Hacker News new | past | comments | ask | show | jobs | submit login

Simple but probably wrong solution; why not ban obfuscation libraries, compressed and self-loading code within the PyPI ecosystem. Any package that even refers to illegible non-source techniques gets flagged and blocked? It seems the whole PyPI ecosystem is undisciplined and could be tightened up. Why can't we progress here?



You can pip install complex stand alone executables, such as nodejs, and it's used in the entire ecosystem.

In fact, most packages are now wheels, which are not sources: they are compressed, and may contain binaries for compiles extensions, something extremely popular (the scientific and AI stacks exist only because of this).

Some packages need to be compiled after the fact, something that setup.py will trigger, and some even embed a fallback compiler, like some cython based packages.

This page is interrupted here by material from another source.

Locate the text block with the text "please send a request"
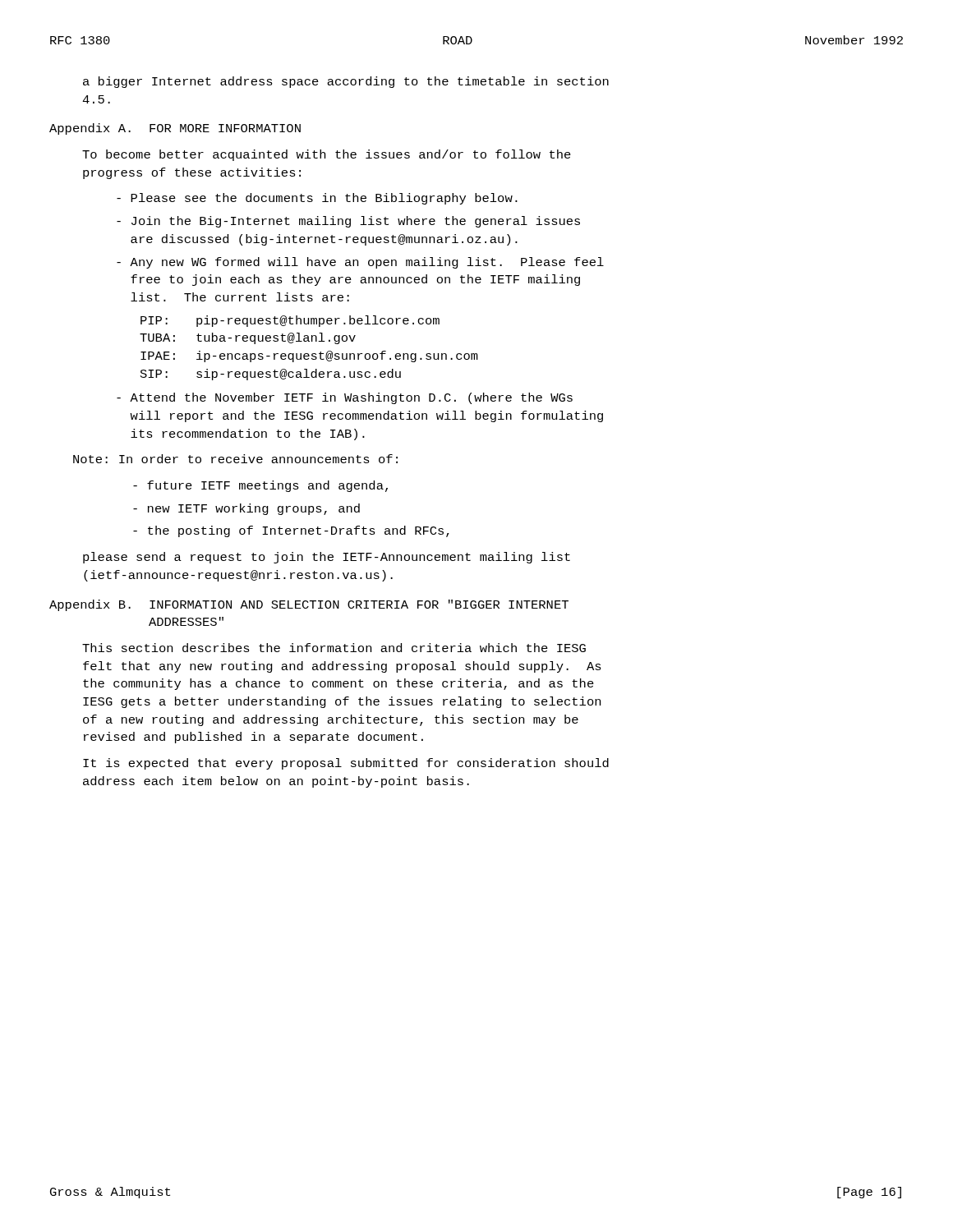Image resolution: width=953 pixels, height=1232 pixels. [327, 567]

Also, remember there is very few people working on pypi, there is no moderation, anybody can publish anything, so you would need a bullet proof automated heuristic. That's either impractical, or too expensive.

If you want a secure package distribution platform, there are commercial ones, such as anaconda. You get what you pay for.


I guess we're finding out the other side of that blade, huh?


Self-loading code is a huge part of the value-add of python libraries. Many of the popular libraries (e.g. Numpy and friends) trigger a bewildering chain of events to compile from source if not installing from pre-built wheels. And if you do have wheels, you have opaque binary blobs. So pick your poison: compile-on-install with possible backdoor or prebuilt .so/.dylib/.pyc with possible backdoor.

The most obvious (but not necessarily easiest) approach is to phase out setup.py and move everything to the declarative pyproject.toml approach. This is not just better for metadata (setup scripts make it really hard to statically infer what deps a lib has), it also allows for better control over what installers/toolchains run on install.

Attackers still have quite a lot of latitude during the build phase, but at least libraries have the option to specify declaratively what permissions they need (and presumably the user has the option to forbid them).

Also eval/exec are terrible and I wish there were a mode to disable their usage, but I don't know if the python runtime has some deep dependency on it. Maybe there's a way to restrict it so that only low level frames can call the eval opcode.


Would it be possible that the wheels could be built in a more-trusted / hardened environment? Having a binary blob isn't as serious when it comes from a trusted source. Almost all Debian/etc linux distributions have this feature (binary-downloading package manager).

The hardening could mitigate on-compilation hacking.

Obviously, this leaves "compile in the backdoor and wait for the user to fall into it" but at least this isn't an issue of compiling on the user's computer and it isn't a issue of binary blobs. And possibly there's a greater chance of detection if actual source code has to be available to compile.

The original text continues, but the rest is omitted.